DESCRIPTION (provided by applicant): Mutations in the genes encoding presenilins 1 and 2 (PS-1 and PS-2) and the beta-amyloid precursor protein (APP) are the leading cause of familial, early-onset Alzheimer's disease (FAD).
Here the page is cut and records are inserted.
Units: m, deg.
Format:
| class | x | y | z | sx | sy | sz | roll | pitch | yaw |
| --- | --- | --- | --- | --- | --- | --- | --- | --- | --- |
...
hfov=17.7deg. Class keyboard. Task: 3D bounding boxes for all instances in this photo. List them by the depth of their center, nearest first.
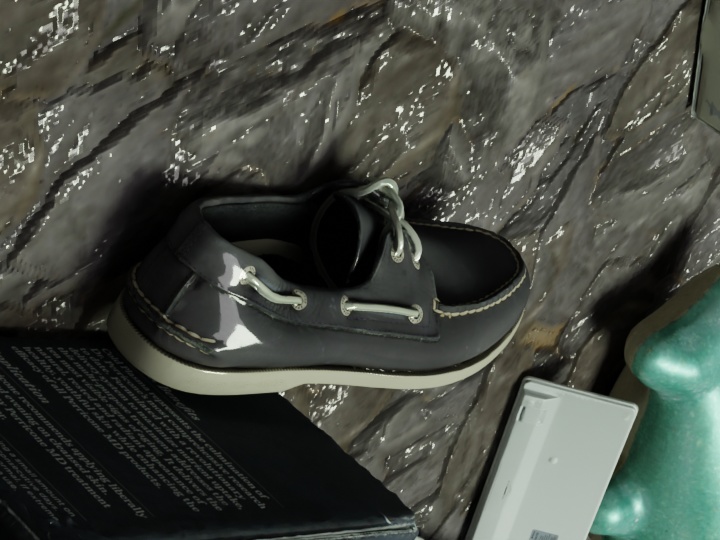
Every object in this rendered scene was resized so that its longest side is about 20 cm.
| class | x | y | z | sx | sy | sz | roll | pitch | yaw |
| --- | --- | --- | --- | --- | --- | --- | --- | --- | --- |
| keyboard | 0.081 | 0.134 | 1.137 | 0.056 | 0.011 | 0.200 | 11 | 127 | -7 |

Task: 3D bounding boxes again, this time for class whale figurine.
| class | x | y | z | sx | sy | sz | roll | pitch | yaw |
| --- | --- | --- | --- | --- | --- | --- | --- | --- | --- |
| whale figurine | 0.176 | 0.085 | 1.151 | 0.159 | 0.104 | 0.200 | -37 | 148 | -21 |

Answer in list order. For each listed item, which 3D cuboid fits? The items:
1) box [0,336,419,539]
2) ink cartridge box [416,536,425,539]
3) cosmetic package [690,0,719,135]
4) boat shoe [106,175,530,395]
| class | x | y | z | sx | sy | sz | roll | pitch | yaw |
| --- | --- | --- | --- | --- | --- | --- | --- | --- | --- |
| box | -0.116 | 0.134 | 0.787 | 0.197 | 0.124 | 0.200 | 6 | 119 | -54 |
| ink cartridge box | 0.018 | 0.208 | 1.032 | 0.044 | 0.174 | 0.200 | -11 | 159 | 20 |
| cosmetic package | 0.243 | -0.133 | 1.023 | 0.200 | 0.073 | 0.104 | -36 | 148 | -25 |
| boat shoe | 0.000 | 0.000 | 0.845 | 0.200 | 0.073 | 0.063 | -6 | 133 | -45 |
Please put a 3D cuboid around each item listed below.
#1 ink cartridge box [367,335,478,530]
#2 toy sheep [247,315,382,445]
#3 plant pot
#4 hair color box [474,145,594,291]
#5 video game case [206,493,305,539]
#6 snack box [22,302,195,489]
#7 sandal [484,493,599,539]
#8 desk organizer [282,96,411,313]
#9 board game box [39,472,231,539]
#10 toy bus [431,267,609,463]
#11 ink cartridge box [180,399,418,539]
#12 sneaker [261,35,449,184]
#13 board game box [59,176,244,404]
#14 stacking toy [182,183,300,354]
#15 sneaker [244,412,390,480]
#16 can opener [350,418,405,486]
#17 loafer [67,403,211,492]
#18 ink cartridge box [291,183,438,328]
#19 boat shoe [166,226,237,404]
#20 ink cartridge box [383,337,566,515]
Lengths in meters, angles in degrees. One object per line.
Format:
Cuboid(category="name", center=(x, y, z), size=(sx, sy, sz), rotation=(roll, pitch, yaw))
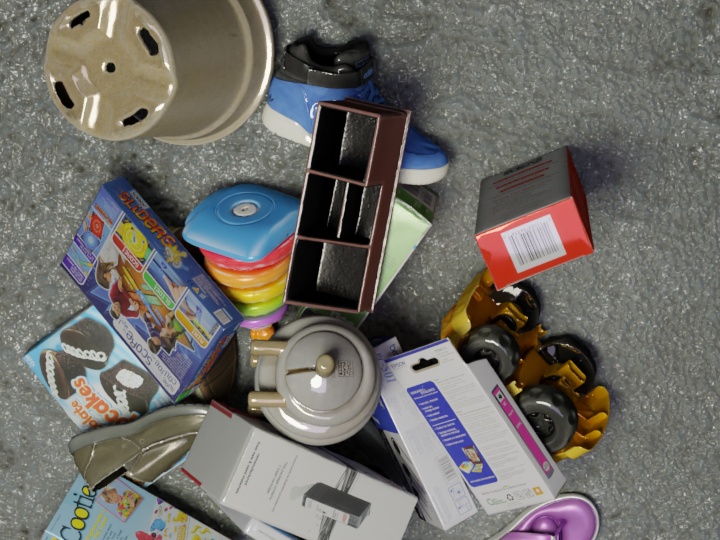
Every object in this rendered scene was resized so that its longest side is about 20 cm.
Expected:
Cuboid(category="ink cartridge box", center=(0.050, 0.167, 1.561), size=(0.044, 0.094, 0.202), rotation=(-26, 95, -13))
Cuboid(category="toy sheep", center=(-0.043, 0.105, 1.450), size=(0.136, 0.200, 0.140), rotation=(0, 83, -4))
Cuboid(category="plant pot", center=(-0.205, -0.206, 1.439), size=(0.198, 0.183, 0.203), rotation=(4, 105, 16))
Cuboid(category="hair color box", center=(0.168, -0.054, 1.452), size=(0.101, 0.200, 0.062), rotation=(-21, 105, 13))
Cuboid(category="video game case", center=(-0.066, 0.291, 1.585), size=(0.181, 0.200, 0.022), rotation=(34, 83, -16))
Cuboid(category="snack box", center=(-0.265, 0.137, 1.652), size=(0.116, 0.037, 0.201), rotation=(-34, 101, 16))
Cuboid(category="sandal", center=(0.177, 0.319, 1.651), size=(0.202, 0.050, 0.083), rotation=(-33, 102, 15))
Cuboid(category="desk organizer", center=(-0.014, -0.060, 1.434), size=(0.071, 0.077, 0.202), rotation=(15, 102, 20))
Cuboid(category="board game box", center=(-0.249, 0.317, 1.657), size=(0.199, 0.105, 0.103), rotation=(31, 140, -4))
Cuboid(category="toy bus", center=(0.132, 0.127, 1.565), size=(0.200, 0.136, 0.192), rotation=(48, 123, -7))
Cuboid(category="ink cartridge box", center=(-0.062, 0.216, 1.511), size=(0.199, 0.144, 0.084), rotation=(27, 85, -23))
Cuboid(category="sneaker", center=(0.006, -0.166, 1.499), size=(0.198, 0.077, 0.112), rotation=(22, 119, 6))
Cuboid(category="board game box", center=(-0.219, 0.021, 1.551), size=(0.200, 0.034, 0.136), rotation=(49, 132, 12))
Cuboid(category="stacking toy", center=(-0.109, 0.019, 1.573), size=(0.109, 0.116, 0.202), rotation=(18, 131, 30))
Cuboid(category="sneaker", center=(-0.068, 0.200, 1.637), size=(0.197, 0.060, 0.105), rotation=(-1, 112, 11))
Cuboid(category="can opener", center=(-0.019, 0.160, 1.624), size=(0.200, 0.053, 0.067), rotation=(41, 109, -10))
Cuboid(category="loafer", center=(-0.217, 0.190, 1.598), size=(0.198, 0.075, 0.070), rotation=(-17, 77, 22))
Cuboid(category="ink cartridge box", center=(0.000, 0.000, 1.541), size=(0.059, 0.104, 0.201), rotation=(34, 109, -4))
Cuboid(category="boat shoe", center=(-0.187, 0.047, 1.607), size=(0.075, 0.072, 0.202), rotation=(3, 111, 33))
Cuboid(category="ink cartridge box", center=(0.114, 0.150, 1.489), size=(0.094, 0.037, 0.201), rotation=(-22, 109, 45))
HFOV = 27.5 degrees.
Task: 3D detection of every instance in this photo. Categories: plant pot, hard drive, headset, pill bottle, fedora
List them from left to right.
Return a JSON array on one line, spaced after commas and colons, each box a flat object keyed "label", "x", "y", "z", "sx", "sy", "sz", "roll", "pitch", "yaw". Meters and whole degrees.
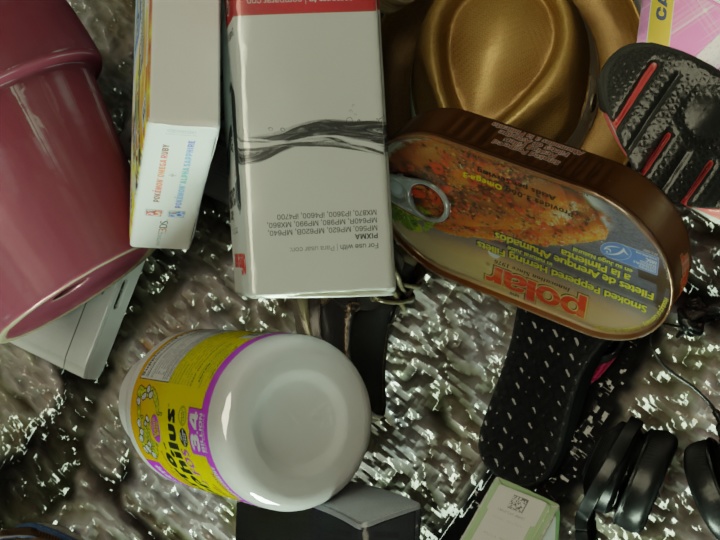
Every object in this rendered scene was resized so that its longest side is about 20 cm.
[{"label": "plant pot", "x": -0.236, "y": -0.059, "z": 0.989, "sx": 0.200, "sy": 0.200, "sz": 0.179, "roll": -35, "pitch": 87, "yaw": 16}, {"label": "hard drive", "x": -0.255, "y": -0.018, "z": 1.098, "sx": 0.200, "sy": 0.027, "sz": 0.132, "roll": 23, "pitch": 93, "yaw": 24}, {"label": "pill bottle", "x": -0.083, "y": 0.089, "z": 0.931, "sx": 0.200, "sy": 0.104, "sz": 0.104, "roll": -2, "pitch": 82, "yaw": 60}, {"label": "hard drive", "x": -0.028, "y": 0.196, "z": 0.908, "sx": 0.200, "sy": 0.042, "sz": 0.135, "roll": -7, "pitch": 79, "yaw": 62}, {"label": "fedora", "x": 0.086, "y": -0.124, "z": 0.916, "sx": 0.200, "sy": 0.082, "sz": 0.201, "roll": -2, "pitch": 81, "yaw": 11}, {"label": "headset", "x": 0.194, "y": 0.119, "z": 0.879, "sx": 0.123, "sy": 0.094, "sz": 0.200, "roll": 3, "pitch": 100, "yaw": 19}]

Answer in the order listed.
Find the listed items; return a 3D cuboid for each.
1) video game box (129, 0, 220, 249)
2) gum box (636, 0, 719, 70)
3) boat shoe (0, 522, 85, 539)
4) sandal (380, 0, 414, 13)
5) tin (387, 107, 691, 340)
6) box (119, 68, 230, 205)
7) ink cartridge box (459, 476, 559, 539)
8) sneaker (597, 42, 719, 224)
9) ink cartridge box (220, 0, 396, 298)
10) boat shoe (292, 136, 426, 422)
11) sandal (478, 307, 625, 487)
[{"label": "video game box", "x": -0.115, "y": -0.138, "z": 0.902, "sx": 0.047, "sy": 0.182, "sz": 0.200, "roll": 2, "pitch": 68, "yaw": -9}, {"label": "gum box", "x": 0.234, "y": -0.180, "z": 0.884, "sx": 0.113, "sy": 0.066, "sz": 0.200, "roll": 5, "pitch": 87, "yaw": 23}, {"label": "boat shoe", "x": -0.184, "y": 0.222, "z": 1.005, "sx": 0.200, "sy": 0.072, "sz": 0.072, "roll": 6, "pitch": 89, "yaw": 30}, {"label": "sandal", "x": 0.050, "y": -0.263, "z": 0.935, "sx": 0.070, "sy": 0.078, "sz": 0.212, "roll": -20, "pitch": 50, "yaw": 49}, {"label": "tin", "x": 0.097, "y": -0.028, "z": 0.857, "sx": 0.200, "sy": 0.042, "sz": 0.112, "roll": 23, "pitch": 137, "yaw": 26}, {"label": "box", "x": -0.080, "y": -0.151, "z": 1.000, "sx": 0.156, "sy": 0.041, "sz": 0.200, "roll": 24, "pitch": 94, "yaw": 47}, {"label": "ink cartridge box", "x": 0.053, "y": 0.236, "z": 0.825, "sx": 0.048, "sy": 0.146, "sz": 0.200, "roll": 22, "pitch": 55, "yaw": 22}, {"label": "sneaker", "x": 0.213, "y": -0.051, "z": 0.847, "sx": 0.200, "sy": 0.087, "sz": 0.074, "roll": 40, "pitch": 93, "yaw": 1}, {"label": "ink cartridge box", "x": -0.035, "y": -0.083, "z": 0.856, "sx": 0.084, "sy": 0.144, "sz": 0.200, "roll": -4, "pitch": 91, "yaw": -8}, {"label": "boat shoe", "x": 0.000, "y": 0.000, "z": 0.961, "sx": 0.073, "sy": 0.074, "sz": 0.200, "roll": -10, "pitch": 81, "yaw": 22}, {"label": "sandal", "x": 0.130, "y": 0.042, "z": 0.923, "sx": 0.075, "sy": 0.045, "sz": 0.200, "roll": 31, "pitch": 111, "yaw": 28}]
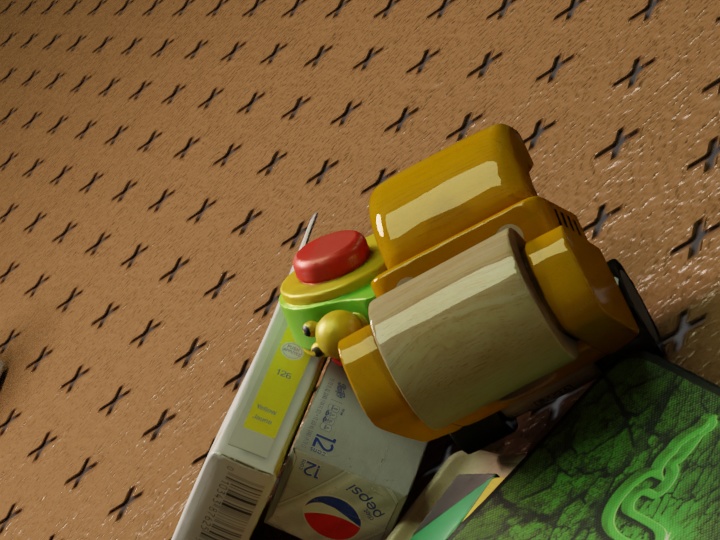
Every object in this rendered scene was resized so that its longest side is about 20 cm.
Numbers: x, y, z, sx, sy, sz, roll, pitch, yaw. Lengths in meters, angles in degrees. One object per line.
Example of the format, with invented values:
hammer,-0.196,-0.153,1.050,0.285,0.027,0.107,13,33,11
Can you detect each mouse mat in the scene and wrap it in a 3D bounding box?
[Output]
mouse mat,0.106,0.127,1.120,0.200,0.008,0.161,-47,35,-12

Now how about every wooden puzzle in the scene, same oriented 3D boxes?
wooden puzzle,0.049,0.156,1.203,0.185,0.037,0.200,-51,20,-20

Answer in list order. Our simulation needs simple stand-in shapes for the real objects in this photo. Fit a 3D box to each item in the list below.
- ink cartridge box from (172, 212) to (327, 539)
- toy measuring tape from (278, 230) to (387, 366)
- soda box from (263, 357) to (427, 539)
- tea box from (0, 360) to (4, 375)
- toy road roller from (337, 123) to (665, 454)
ink cartridge box,-0.062,0.101,1.409,0.200,0.047,0.198,-64,-3,-46
toy measuring tape,0.000,0.000,1.355,0.074,0.074,0.200,-35,12,24
soda box,0.011,0.069,1.378,0.200,0.068,0.063,-68,0,-51
tea box,-0.444,0.099,2.070,0.197,0.200,0.134,-37,21,24
toy road roller,0.057,0.001,1.238,0.123,0.146,0.200,-28,-13,13
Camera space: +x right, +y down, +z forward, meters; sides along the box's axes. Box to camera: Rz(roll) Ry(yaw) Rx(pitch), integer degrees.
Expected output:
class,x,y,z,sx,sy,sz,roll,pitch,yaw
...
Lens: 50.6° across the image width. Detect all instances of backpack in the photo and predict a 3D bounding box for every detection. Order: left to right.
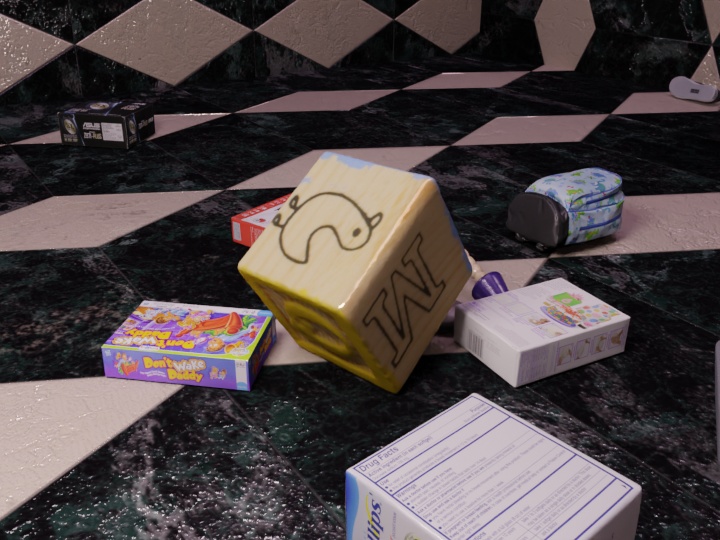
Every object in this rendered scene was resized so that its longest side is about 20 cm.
class,x,y,z,sx,sy,sz,roll,pitch,yaw
backpack,0.395,-0.114,1.403,0.196,0.157,0.163,4,14,-24

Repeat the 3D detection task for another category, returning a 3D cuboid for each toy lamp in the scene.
class,x,y,z,sx,sy,sz,roll,pitch,yaw
toy lamp,0.166,-0.013,1.197,0.057,0.059,0.201,-14,49,-29

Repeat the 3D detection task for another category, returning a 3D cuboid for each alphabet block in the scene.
class,x,y,z,sx,sy,sz,roll,pitch,yaw
alphabet block,0.000,0.000,0.971,0.193,0.197,0.202,18,64,38

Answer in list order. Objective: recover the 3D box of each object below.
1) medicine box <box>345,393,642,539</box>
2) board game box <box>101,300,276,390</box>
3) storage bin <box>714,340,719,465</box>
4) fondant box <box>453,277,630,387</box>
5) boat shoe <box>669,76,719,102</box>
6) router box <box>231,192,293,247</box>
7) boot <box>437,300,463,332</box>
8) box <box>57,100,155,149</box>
class,x,y,z,sx,sy,sz,roll,pitch,yaw
medicine box,0.114,0.225,0.680,0.180,0.105,0.198,-20,31,-38
board game box,-0.225,0.098,1.023,0.195,0.046,0.135,4,25,8
storage bin,0.466,0.141,0.843,0.132,0.149,0.200,-1,22,23
fondant box,0.248,0.080,1.053,0.196,0.059,0.144,-13,28,-25
boat shoe,1.119,-0.597,2.542,0.056,0.070,0.200,9,20,-29
router box,-0.109,-0.086,1.419,0.177,0.050,0.199,17,29,32
boot,0.077,0.007,1.120,0.197,0.133,0.067,16,28,30
box,-0.677,-0.393,2.039,0.195,0.088,0.164,6,24,12
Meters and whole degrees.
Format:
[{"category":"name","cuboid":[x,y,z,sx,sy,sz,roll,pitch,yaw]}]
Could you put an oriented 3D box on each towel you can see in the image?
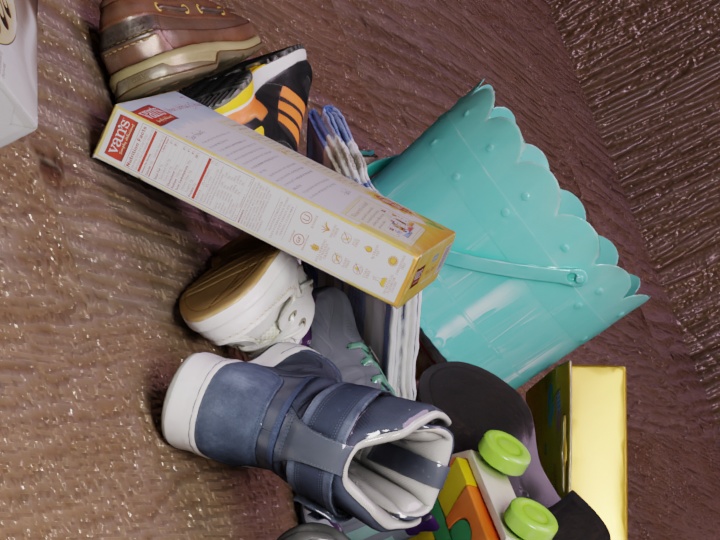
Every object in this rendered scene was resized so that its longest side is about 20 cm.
[{"category":"towel","cuboid":[0.000,0.000,1.765,0.200,0.024,0.147,-118,-155,-50]}]

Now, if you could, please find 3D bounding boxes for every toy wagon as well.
[{"category":"toy wagon","cuboid":[0.062,0.195,1.594,0.039,0.156,0.200,19,25,-22]}]

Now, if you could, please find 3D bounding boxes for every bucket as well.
[{"category":"bucket","cuboid":[0.090,-0.017,1.853,0.207,0.135,0.207,52,5,-6]}]

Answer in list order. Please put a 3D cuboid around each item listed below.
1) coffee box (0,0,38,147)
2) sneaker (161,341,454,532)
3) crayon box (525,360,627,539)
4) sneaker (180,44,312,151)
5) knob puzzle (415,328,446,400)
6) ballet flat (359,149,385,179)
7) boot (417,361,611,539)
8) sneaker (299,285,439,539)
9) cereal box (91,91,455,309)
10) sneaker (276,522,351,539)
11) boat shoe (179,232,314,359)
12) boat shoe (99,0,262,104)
[{"category":"coffee box","cuboid":[-0.212,-0.148,1.260,0.113,0.080,0.201,55,17,-37]},{"category":"sneaker","cuboid":[-0.008,0.093,1.500,0.202,0.145,0.077,-2,107,-71]},{"category":"crayon box","cuboid":[0.152,0.136,1.867,0.200,0.050,0.128,114,-23,-82]},{"category":"sneaker","cuboid":[-0.071,-0.090,1.774,0.200,0.070,0.090,-48,121,-71]},{"category":"knob puzzle","cuboid":[0.067,0.112,1.930,0.220,0.030,0.220,60,-5,10]},{"category":"ballet flat","cuboid":[-0.008,-0.053,1.954,0.200,0.068,0.068,-14,88,-75]},{"category":"boot","cuboid":[0.088,0.179,1.755,0.188,0.068,0.200,45,-32,25]},{"category":"sneaker","cuboid":[0.010,0.091,1.669,0.074,0.087,0.201,48,30,-50]},{"category":"cereal box","cuboid":[-0.047,-0.044,1.580,0.199,0.040,0.144,26,11,7]},{"category":"sneaker","cuboid":[-0.014,0.184,1.509,0.200,0.074,0.089,66,9,-50]},{"category":"boat shoe","cuboid":[-0.057,0.020,1.610,0.070,0.071,0.200,64,12,-8]},{"category":"boat shoe","cuboid":[-0.114,-0.151,1.679,0.068,0.072,0.200,67,15,-3]}]
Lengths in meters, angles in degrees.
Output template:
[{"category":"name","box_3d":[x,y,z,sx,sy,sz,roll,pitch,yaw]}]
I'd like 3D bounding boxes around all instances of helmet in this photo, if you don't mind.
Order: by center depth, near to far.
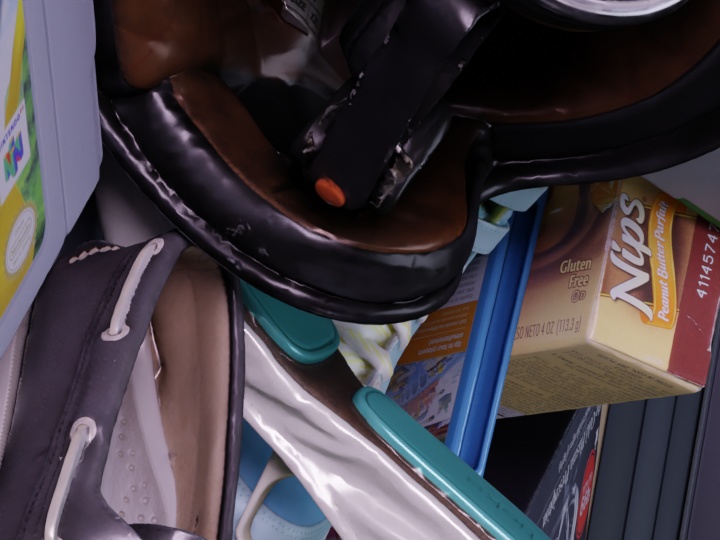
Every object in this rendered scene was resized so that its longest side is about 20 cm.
[{"category":"helmet","box_3d":[0.026,-0.100,0.761,0.191,0.199,0.201,-42,143,-45]}]

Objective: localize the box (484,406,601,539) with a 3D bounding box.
[{"category":"box","box_3d":[0.028,0.138,1.192,0.200,0.103,0.183,-53,152,-64]}]

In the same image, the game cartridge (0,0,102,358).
[{"category":"game cartridge","box_3d":[-0.104,-0.023,0.626,0.200,0.040,0.134,-67,159,-47]}]

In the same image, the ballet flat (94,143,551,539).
[{"category":"ballet flat","box_3d":[-0.023,0.043,0.806,0.069,0.200,0.069,-42,173,-7]}]

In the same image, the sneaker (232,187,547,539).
[{"category":"sneaker","box_3d":[0.000,0.000,0.883,0.130,0.079,0.201,-41,-156,33]}]

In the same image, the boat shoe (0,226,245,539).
[{"category":"boat shoe","box_3d":[-0.060,0.075,0.714,0.074,0.060,0.201,48,32,-41]}]

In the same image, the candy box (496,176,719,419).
[{"category":"candy box","box_3d":[0.050,-0.010,1.015,0.200,0.055,0.116,-13,-121,56]}]

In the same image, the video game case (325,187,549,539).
[{"category":"video game case","box_3d":[0.004,0.030,0.981,0.143,0.018,0.201,-14,-124,53]}]

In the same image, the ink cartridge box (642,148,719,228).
[{"category":"ink cartridge box","box_3d":[0.150,-0.116,0.903,0.145,0.084,0.201,27,71,-54]}]

Over-expression of these gene mutations in transgenic mice recapitulates pathological and behavioral features of AD. It has supported the hypothesis that aggregation of the amyloid Abeta 42 protein is an important trigger for disease onset and progression, and fostered the development of therapeutic strategies based on reducing Abeta deposition. However, the utility of transgenic models for investigating AD pathogenesis and evaluating candidate therapies is constrained by the dependence on ectopic over-expression. As an alternative, we introduced mouse experimental models in which gene targeting was used to "knock-in" disease-causing mutations into their endogenous genes. Our studies established the only mouse model for AD-type amyloid and tau neuropathologies that does not rely on over-expression, and identified neurobiological and molecular mechanisms central to AD pathogenesis. The proposed research would extend these findings by delineating at the molecular level a key mechanism for Abeta42 overproduction, defining the role for amyloid and tau pathologies in impairing forms of adaptive plasticity in neural systems known to be both important for long- term memory and severely impacted in AD, and identifying therapies that reverse these pathologies and rescue the plasticity deficits. Specific Aim 1 will identify structural and functional changes caused by mutant PS-1 in the mouse brain gamma-secretase, the protease that forms the amyloid Abeta 42 protein, and test the hypothesis that mutant PS-1 confers a pathogenic conformation on the protease. Specific Aim 2 will test the hypothesis that the amyloid and tau pathologies impair synaptic plasticity in the perforant pathway, and evaluate two pharmacologic strategies for reversing these defects. Specific Aim 3 will test the hypothesis that mutant PS-1 impairs neurogenesis in the adult hippocampus through amyloid-mediated neuroinflammation, and determine its pharmacologic reversibility. The proposed research will advance our understanding of pathogenic mechanisms of FAD-linked gene mutations and evaluate therapeutic strategies aimed at slowing the onset and progression in a faithful mouse genetic model of FAD.

描述（由申请人提供）：编码早老素1和2（PS-1和PS-2）以及β-淀粉样前体蛋白（APP）的基因突变是家族性早发性阿尔茨海默病（FAD）的主要原因。这些基因突变在转基因小鼠中的过度表达再现了AD的病理和行为特征。它支持了淀粉样蛋白Abeta 42蛋白的聚集是疾病发作和进展的重要触发因素的假设，并促进了基于减少Abeta沉积的治疗策略的发展。然而，转基因模型用于研究AD发病机制和评估候选疗法的效用受到对异位过表达的依赖的限制。作为替代方案，我们引入了小鼠实验模型，其中基因靶向用于将致病突变“敲入”其内源基因中。我们的研究建立了AD型淀粉样蛋白和tau神经病理学的唯一小鼠模型，该模型不依赖于过度表达，并确定了AD发病机制的神经生物学和分子机制。拟议的研究将通过在分子水平上描绘Abeta 42过度产生的关键机制来扩展这些发现，定义淀粉样蛋白和tau病理在损害神经系统中的适应性可塑性形式中的作用，已知这些适应性可塑性形式对长期记忆都很重要，并且在AD中受到严重影响，并确定逆转这些病理并挽救可塑性缺陷的疗法。具体目标1将确定突变PS-1在小鼠脑γ-分泌酶（形成淀粉样蛋白Abeta 42蛋白的蛋白酶）中引起的结构和功能变化，并测试突变PS-1赋予蛋白酶致病构象的假设。具体目标2将测试的假设，即淀粉样蛋白和tau蛋白的病理损害突触可塑性的穿通通路，并评估两种药理学策略，逆转这些缺陷。具体目标3将检验突变PS-1通过淀粉样蛋白介导的神经炎症损害成年海马神经发生的假设，并确定其药理学可逆性。这项研究将促进我们对FAD相关基因突变致病机制的理解，并评估旨在减缓FAD忠实小鼠遗传模型发病和进展的治疗策略。